# How do I tell him I'm ready for Marriage?



## Heathy (Jan 20, 2011)

Hello All,

So I guess I'm kinda wondering how I should hint that I actually want to get married or if I should at all. I've been with my bf for over 2 years. We have lived together the past year. Our relationship is pretty easy-going since we are both easy-going people. Right now he just got promoted at work so we are looking into a bigger house to rent. I just feel like we are married already and when I introduce him as my 'boyfriend' during business dinners, etc. it just feels silly. I feel like he should have a better title than that. We both have told each other that we plan on spending the rest of our lives together already and with how easy our relationship is I really don't see anything going wrong. He's my best friend, I love him to death and I feel so lucky that we got together.

The problem is that we are still young. I'm 20, he's 21. We used to feel like we were too young to consider marriage. At one point we even said we both never wanted to get married or have kids. And I truly didn't want any of that at all. Our parents and family members tell us we'll change our minds and I guess they are right. I just hate when my parents say 'I told you so'. 

We both are of the very few people out of all our friends and acquaintances our age that can afford rent on a decent 3-bedroom house and still be able to go out on the weekends. We're of the few people our age that have decent careers. And we both are the youngest in our fields. I guess working a 9-5 with people ages 30+ has made me feel more like I'm 30 than 20. And I feel weird asking if I can invite my boyfriend to company events when everyone else is bringing a spouse or family member. 

It hasn't bothered me that much until recently. I swear, every night I either dream we're having a baby, getting married, or already married with kids. It's been this way for almost two weeks. I told him about my dreams at first, but I'm kinda embarrassed to tell him they are still going on. Any time the subject of marriage comes up I get pretty nervous. I have been bringing it up a little bit more to see how he feels. He has told me that he thinks we'll probably get married in 5-10 years. He's also went from saying he hates kids and never wants to have any to that he's not sure how he feels. One time a group of friends were talking about having kids in the future and who would want boys and who would want girls. He said he would want one boy and one girl. So maybe he's changing his mind too.

Anyway, I really jabbered on...but I just don't know how to approach the subject and tell him that I actually do want to be engaged and I would like us to get married in the next few years. I seriously considered proposing to him, but I Know him and he would much prefer if I let him propose. Or do you guys think I need to get these marriage and baby thoughts out of my head? If so, how do think I go about doing that.

Thanks!!


----------



## major misfit (Oct 17, 2010)

Honestly, you're too young to get married. I know that there are some that have married young, and are still successfully married. Those are the minority, though. If your relationship is strong enough that you feel he's the one you want to spend the REST OF YOUR LIFE with, then it's strong enough to wait 5 years. 

You really want to make sure you're on the same page regarding kids. He might toy with the fact that he'd want a boy and a girl when talking with others, but he might just be playing "what if". That doesn't necessarily mean he truly WANTS children. 

If things are still going great in 5 years, then it would be time to re-visit the marriage idea again. But I'd really hold off on it for now.


----------



## Heathy (Jan 20, 2011)

Thank you for reading my post and for your opinion. And that's how I always felt. I don't know why I suddenly want more or where the thoughts came from. Anyone who knows me even slightly well would be shocked that I'm starting to feel this way. So how do I get rid of the emptiness? Sometimes I feel like my life has become too routine and I need the everyday challenge of children. And then I think about it and decide I prefer my freedom right now. I really don't want a kid now but now I'm pretty sure I might want a kid in like 6-7 years. He told me once that he would have a kid if I wanted to...but I would want him to want to. I choose him over having a kid and if I don't feel like it's both of our choice then I'll just stick with our four-legged children.

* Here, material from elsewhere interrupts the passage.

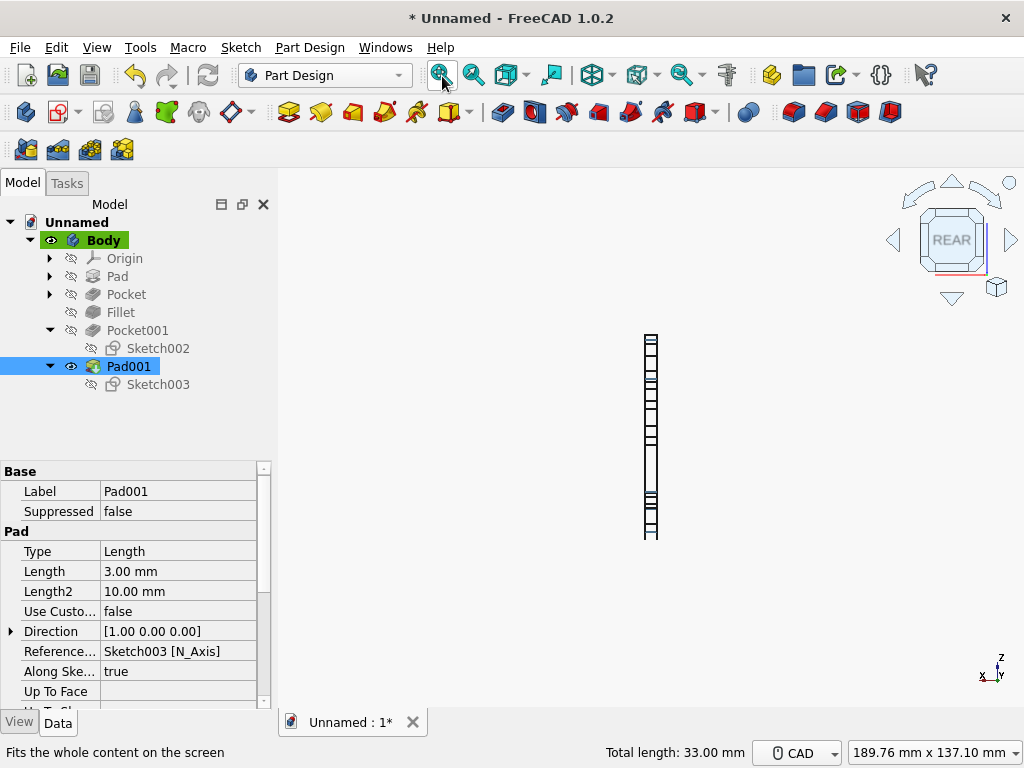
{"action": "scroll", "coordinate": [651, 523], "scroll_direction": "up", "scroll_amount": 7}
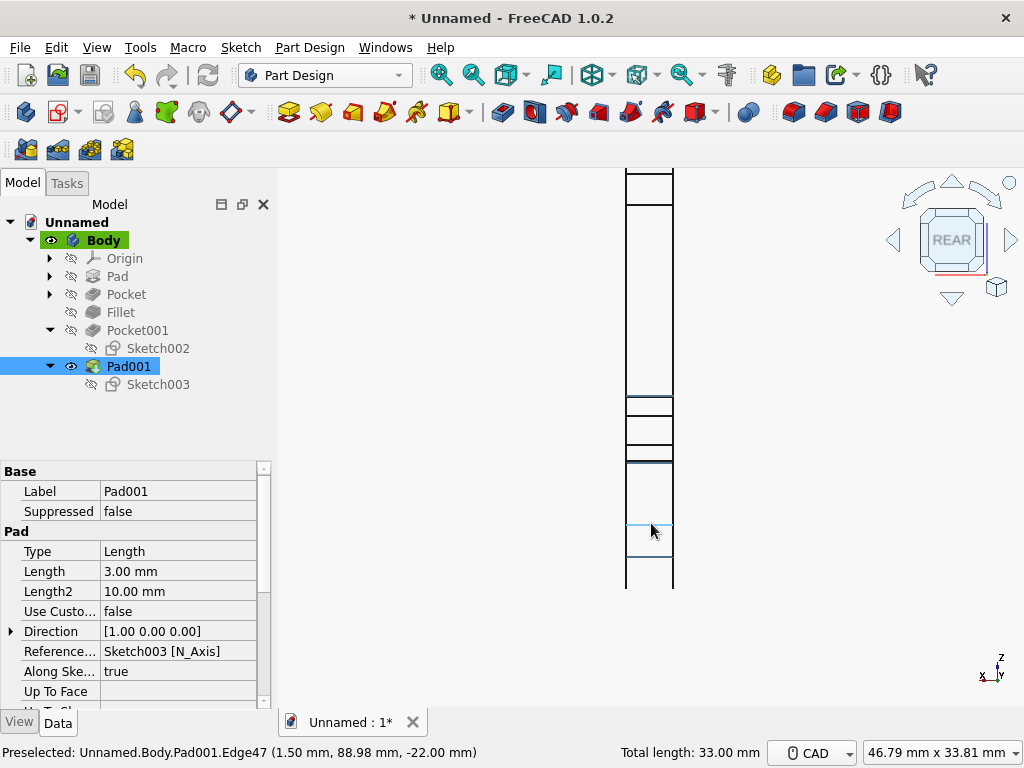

On the too young for marriage note. Somehow I worked it in my head that I want to be engaged when I'm 21. That way we have 2-3 years to save up for the marriage and I'll be 24 and he'll be 25 when we actually do. Is that wrong or dumb? My logic is that if I wait till I'm 25 to even consider marriage then I would still want at least 2-3 years to save up and then I would be almost 30...and I would like to be younger that that on my wedding day. What is the magic number to be old enough for marriage? When are you not thought of as too young anymore? Does anyone think a long engagement is a good idea for my age?

Also, I would like to add that I don't want to get married..I want to marry him. That saying that girls have their entire wedding planned while they are still preteens does not pertain to me. I know plenty of people who have that "insert groom here" scenario and I hate that some girls will just throw anyone into that slot. And when I was single I never thought about getting married, just having a boyfriend. 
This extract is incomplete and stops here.